* **Problem description**: Leave the pictures out, and transcribe the material below exactly from the line with "- ballet flat (0, 133, 219, 405)" to the line with "Return a Markdown", both lines included.

* **Dataset content**:
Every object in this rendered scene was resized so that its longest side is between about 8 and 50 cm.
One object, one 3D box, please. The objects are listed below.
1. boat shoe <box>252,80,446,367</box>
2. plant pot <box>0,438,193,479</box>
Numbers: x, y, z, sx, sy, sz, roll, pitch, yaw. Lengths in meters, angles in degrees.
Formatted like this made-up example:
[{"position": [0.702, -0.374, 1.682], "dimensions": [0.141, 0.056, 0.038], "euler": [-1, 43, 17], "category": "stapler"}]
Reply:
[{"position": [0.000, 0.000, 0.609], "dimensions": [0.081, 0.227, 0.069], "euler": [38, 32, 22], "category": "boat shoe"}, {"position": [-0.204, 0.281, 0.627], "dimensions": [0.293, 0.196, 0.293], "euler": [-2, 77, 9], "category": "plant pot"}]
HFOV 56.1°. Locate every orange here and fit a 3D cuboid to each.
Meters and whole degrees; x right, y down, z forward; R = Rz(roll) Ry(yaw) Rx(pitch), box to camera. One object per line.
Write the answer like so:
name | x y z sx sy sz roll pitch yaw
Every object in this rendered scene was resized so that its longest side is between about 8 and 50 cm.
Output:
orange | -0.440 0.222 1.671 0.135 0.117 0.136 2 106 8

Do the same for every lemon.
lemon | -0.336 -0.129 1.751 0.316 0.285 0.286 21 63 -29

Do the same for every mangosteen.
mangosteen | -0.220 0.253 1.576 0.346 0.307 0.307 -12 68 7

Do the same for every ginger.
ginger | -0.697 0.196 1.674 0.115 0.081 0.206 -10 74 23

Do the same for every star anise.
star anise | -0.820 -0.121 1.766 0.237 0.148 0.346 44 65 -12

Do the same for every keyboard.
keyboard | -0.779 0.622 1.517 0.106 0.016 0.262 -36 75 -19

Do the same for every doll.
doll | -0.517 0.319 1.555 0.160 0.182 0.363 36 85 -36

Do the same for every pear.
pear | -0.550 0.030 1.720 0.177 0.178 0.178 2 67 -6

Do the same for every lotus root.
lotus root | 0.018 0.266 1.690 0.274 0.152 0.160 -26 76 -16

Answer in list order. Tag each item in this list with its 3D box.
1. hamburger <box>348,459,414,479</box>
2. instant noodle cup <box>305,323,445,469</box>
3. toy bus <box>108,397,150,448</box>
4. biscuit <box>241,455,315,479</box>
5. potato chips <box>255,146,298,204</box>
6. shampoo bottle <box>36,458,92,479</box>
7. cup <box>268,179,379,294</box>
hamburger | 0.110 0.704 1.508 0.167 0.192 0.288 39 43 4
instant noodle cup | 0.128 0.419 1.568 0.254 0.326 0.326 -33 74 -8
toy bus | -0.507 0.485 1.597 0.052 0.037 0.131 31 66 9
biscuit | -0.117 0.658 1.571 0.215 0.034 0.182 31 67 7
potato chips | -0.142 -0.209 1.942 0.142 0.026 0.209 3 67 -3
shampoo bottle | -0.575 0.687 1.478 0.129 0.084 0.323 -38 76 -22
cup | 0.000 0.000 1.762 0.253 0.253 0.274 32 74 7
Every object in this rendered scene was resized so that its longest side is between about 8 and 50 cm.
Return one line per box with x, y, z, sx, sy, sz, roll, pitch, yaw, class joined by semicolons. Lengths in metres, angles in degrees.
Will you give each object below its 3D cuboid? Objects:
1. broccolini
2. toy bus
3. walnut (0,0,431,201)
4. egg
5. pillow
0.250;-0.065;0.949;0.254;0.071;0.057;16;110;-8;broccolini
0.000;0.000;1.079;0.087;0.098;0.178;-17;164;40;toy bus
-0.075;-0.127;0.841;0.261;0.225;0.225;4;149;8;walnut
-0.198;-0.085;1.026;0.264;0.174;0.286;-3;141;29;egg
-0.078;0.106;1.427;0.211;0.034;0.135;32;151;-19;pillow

==

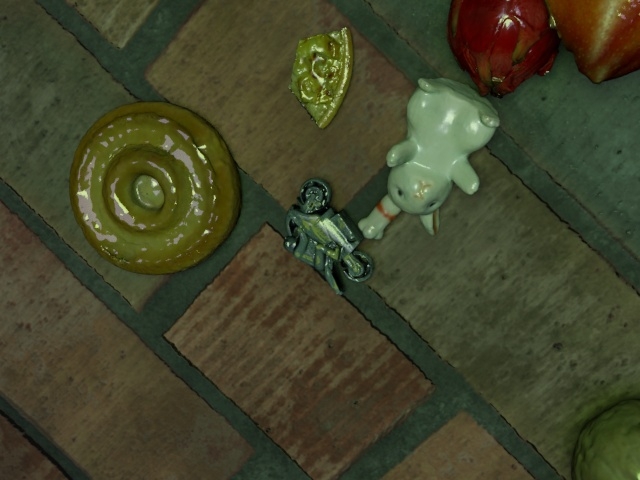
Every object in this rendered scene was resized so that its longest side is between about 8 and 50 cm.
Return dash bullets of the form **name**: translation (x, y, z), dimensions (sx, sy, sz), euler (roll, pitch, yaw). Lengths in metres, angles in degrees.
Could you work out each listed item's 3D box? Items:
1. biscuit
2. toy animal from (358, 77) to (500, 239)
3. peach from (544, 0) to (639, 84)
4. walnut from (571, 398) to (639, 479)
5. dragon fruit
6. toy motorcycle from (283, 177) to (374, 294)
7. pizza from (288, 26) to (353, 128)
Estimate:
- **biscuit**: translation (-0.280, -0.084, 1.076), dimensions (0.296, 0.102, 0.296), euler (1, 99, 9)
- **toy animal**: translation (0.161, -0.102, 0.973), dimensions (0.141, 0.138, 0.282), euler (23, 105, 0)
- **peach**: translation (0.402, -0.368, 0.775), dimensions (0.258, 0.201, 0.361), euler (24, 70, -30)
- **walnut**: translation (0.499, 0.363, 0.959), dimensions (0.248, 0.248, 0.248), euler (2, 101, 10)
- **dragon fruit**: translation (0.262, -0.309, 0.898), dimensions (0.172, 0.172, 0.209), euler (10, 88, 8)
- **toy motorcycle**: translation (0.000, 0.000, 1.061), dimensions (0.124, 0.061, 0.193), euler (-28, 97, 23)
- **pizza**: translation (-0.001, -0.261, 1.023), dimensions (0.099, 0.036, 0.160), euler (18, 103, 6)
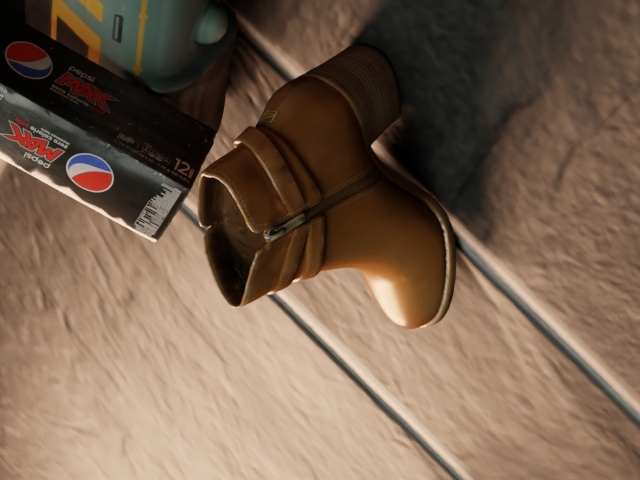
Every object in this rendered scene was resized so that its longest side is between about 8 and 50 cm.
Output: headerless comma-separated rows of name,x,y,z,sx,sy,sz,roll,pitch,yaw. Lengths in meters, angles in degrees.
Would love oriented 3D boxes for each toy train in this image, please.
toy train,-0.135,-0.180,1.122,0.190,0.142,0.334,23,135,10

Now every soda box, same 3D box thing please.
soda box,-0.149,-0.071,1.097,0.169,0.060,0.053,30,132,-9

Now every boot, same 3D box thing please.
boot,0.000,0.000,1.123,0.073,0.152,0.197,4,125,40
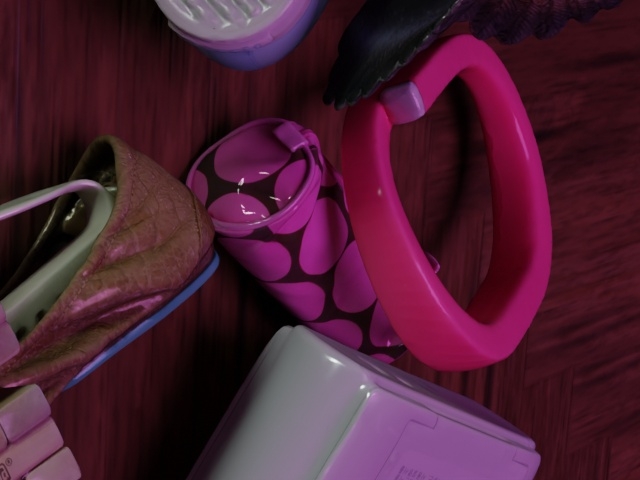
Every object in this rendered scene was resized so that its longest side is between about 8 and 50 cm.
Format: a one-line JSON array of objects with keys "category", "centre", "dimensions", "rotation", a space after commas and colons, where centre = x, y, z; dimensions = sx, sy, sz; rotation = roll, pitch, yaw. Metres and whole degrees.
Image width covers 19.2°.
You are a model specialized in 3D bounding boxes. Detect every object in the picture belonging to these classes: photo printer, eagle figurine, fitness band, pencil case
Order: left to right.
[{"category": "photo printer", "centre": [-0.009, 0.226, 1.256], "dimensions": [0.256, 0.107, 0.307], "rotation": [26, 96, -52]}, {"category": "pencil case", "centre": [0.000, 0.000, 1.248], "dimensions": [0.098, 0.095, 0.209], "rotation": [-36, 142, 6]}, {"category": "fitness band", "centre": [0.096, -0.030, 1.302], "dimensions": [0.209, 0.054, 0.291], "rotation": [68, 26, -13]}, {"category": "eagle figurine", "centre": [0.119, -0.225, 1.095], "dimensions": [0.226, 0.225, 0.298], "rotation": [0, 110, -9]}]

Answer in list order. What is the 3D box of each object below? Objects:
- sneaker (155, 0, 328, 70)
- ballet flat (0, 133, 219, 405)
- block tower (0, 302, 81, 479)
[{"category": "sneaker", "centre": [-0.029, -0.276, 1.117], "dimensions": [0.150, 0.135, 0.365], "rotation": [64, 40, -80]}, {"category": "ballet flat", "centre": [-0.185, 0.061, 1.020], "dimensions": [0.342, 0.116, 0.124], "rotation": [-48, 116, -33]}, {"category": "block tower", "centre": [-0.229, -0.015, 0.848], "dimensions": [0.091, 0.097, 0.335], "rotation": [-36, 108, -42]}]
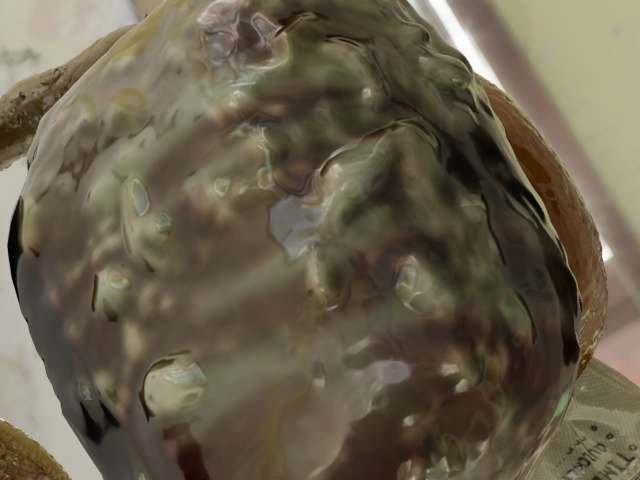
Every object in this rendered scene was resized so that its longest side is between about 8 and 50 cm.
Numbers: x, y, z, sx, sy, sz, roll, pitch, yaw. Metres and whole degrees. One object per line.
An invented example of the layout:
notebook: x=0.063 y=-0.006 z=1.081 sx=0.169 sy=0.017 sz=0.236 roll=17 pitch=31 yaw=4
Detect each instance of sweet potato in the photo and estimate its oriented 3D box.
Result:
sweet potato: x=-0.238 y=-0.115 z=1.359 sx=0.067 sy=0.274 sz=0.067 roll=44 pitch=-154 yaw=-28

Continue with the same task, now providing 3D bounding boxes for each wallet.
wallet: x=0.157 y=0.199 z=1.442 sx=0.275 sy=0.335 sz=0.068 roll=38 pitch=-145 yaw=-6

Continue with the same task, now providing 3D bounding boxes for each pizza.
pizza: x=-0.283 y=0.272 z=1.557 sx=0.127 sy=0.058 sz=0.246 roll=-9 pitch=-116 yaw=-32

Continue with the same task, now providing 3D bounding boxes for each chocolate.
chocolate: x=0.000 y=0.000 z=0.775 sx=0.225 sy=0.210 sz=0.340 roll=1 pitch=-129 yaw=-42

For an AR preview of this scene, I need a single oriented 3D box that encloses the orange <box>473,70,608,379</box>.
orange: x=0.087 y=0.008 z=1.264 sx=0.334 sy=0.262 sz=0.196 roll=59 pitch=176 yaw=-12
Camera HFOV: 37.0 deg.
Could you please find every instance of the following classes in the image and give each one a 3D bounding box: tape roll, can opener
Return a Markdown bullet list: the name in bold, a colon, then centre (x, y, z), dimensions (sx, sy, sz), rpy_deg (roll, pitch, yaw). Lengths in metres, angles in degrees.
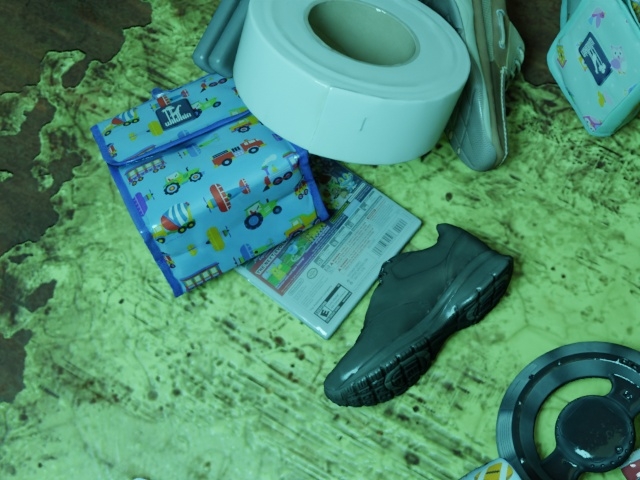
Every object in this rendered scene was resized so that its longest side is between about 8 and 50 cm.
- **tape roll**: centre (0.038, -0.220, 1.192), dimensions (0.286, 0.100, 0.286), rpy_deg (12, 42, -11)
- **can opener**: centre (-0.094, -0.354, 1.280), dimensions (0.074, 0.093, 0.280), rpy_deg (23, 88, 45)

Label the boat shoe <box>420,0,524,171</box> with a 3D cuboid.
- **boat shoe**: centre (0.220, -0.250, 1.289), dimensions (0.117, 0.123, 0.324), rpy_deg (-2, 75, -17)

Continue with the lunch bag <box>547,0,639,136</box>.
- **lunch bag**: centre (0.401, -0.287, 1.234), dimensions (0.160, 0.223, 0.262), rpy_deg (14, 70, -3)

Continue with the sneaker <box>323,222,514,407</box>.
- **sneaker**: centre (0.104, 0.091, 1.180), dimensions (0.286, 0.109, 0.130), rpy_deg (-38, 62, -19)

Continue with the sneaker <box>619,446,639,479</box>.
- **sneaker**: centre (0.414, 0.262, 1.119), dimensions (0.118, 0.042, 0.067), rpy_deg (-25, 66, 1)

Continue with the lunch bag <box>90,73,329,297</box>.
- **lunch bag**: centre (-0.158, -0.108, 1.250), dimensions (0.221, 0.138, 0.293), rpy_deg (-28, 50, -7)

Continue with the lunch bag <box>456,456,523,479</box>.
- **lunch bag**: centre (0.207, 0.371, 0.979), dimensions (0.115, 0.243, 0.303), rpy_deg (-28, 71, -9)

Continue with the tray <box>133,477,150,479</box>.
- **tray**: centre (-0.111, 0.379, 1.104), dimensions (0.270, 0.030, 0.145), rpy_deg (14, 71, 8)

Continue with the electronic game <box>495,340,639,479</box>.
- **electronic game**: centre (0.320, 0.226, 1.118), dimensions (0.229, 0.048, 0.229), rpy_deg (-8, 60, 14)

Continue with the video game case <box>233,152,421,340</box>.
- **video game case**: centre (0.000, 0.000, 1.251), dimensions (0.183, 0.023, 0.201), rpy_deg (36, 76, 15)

==

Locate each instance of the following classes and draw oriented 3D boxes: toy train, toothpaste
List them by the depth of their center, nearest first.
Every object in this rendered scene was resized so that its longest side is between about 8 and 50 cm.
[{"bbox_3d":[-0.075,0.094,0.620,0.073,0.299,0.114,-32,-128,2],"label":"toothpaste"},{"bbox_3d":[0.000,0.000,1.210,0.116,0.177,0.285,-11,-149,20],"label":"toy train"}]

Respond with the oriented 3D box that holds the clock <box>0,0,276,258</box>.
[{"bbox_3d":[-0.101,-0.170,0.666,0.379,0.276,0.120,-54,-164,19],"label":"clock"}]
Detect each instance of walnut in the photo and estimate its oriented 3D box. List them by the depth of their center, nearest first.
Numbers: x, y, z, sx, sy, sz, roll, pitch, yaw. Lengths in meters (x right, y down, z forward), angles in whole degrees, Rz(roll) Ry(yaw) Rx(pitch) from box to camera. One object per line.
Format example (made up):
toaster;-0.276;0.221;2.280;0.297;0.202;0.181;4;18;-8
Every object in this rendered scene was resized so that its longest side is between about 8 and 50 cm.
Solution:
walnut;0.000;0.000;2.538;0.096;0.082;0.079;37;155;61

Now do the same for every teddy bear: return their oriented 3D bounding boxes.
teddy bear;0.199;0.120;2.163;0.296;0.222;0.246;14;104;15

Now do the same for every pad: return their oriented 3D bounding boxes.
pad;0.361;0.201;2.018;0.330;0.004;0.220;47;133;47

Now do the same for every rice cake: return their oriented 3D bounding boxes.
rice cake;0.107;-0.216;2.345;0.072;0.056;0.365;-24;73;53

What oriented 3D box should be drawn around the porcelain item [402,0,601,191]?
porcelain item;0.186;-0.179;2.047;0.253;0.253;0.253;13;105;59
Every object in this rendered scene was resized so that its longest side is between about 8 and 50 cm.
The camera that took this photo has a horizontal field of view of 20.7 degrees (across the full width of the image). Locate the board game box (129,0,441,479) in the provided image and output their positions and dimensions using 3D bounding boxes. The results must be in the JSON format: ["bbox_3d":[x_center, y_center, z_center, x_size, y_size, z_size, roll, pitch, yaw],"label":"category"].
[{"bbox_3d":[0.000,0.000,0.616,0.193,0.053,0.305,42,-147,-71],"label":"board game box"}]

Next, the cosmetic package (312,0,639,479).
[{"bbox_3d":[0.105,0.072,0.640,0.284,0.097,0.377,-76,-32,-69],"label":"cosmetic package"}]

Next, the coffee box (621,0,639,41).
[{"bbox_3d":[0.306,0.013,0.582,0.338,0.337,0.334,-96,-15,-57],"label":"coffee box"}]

* **Your response**:
- ballet flat (0, 133, 219, 405)
- block tower (0, 302, 81, 479)
[{"category": "sneaker", "centre": [-0.029, -0.276, 1.117], "dimensions": [0.150, 0.135, 0.365], "rotation": [64, 40, -80]}, {"category": "ballet flat", "centre": [-0.185, 0.061, 1.020], "dimensions": [0.342, 0.116, 0.124], "rotation": [-48, 116, -33]}, {"category": "block tower", "centre": [-0.229, -0.015, 0.848], "dimensions": [0.091, 0.097, 0.335], "rotation": [-36, 108, -42]}]
Every object in this rendered scene was resized so that its longest side is between about 8 and 50 cm.
Numbers: x, y, z, sx, sy, sz, roll, pitch, yaw. Metres and whole degrees. One object per line.
An invented example of the layout:
notebook: x=0.063 y=-0.006 z=1.081 sx=0.169 sy=0.017 sz=0.236 roll=17 pitch=31 yaw=4
Detect each instance of sweet potato in the photo and estimate its oriented 3D box.
Result:
sweet potato: x=-0.238 y=-0.115 z=1.359 sx=0.067 sy=0.274 sz=0.067 roll=44 pitch=-154 yaw=-28

Continue with the same task, now providing 3D bounding boxes for each wallet.
wallet: x=0.157 y=0.199 z=1.442 sx=0.275 sy=0.335 sz=0.068 roll=38 pitch=-145 yaw=-6

Continue with the same task, now providing 3D bounding boxes for each pizza.
pizza: x=-0.283 y=0.272 z=1.557 sx=0.127 sy=0.058 sz=0.246 roll=-9 pitch=-116 yaw=-32

Continue with the same task, now providing 3D bounding boxes for each chocolate.
chocolate: x=0.000 y=0.000 z=0.775 sx=0.225 sy=0.210 sz=0.340 roll=1 pitch=-129 yaw=-42

For an AR preview of this scene, I need a single oriented 3D box that encloses the orange <box>473,70,608,379</box>.
orange: x=0.087 y=0.008 z=1.264 sx=0.334 sy=0.262 sz=0.196 roll=59 pitch=176 yaw=-12
Camera HFOV: 37.0 deg.
Could you please find every instance of the following classes in the image and give each one a 3D bounding box: tape roll, can opener
Return a Markdown bullet list: the name in bold, a colon, then centre (x, y, z), dimensions (sx, sy, sz), rpy_deg (roll, pitch, yaw). Lengths in metres, angles in degrees.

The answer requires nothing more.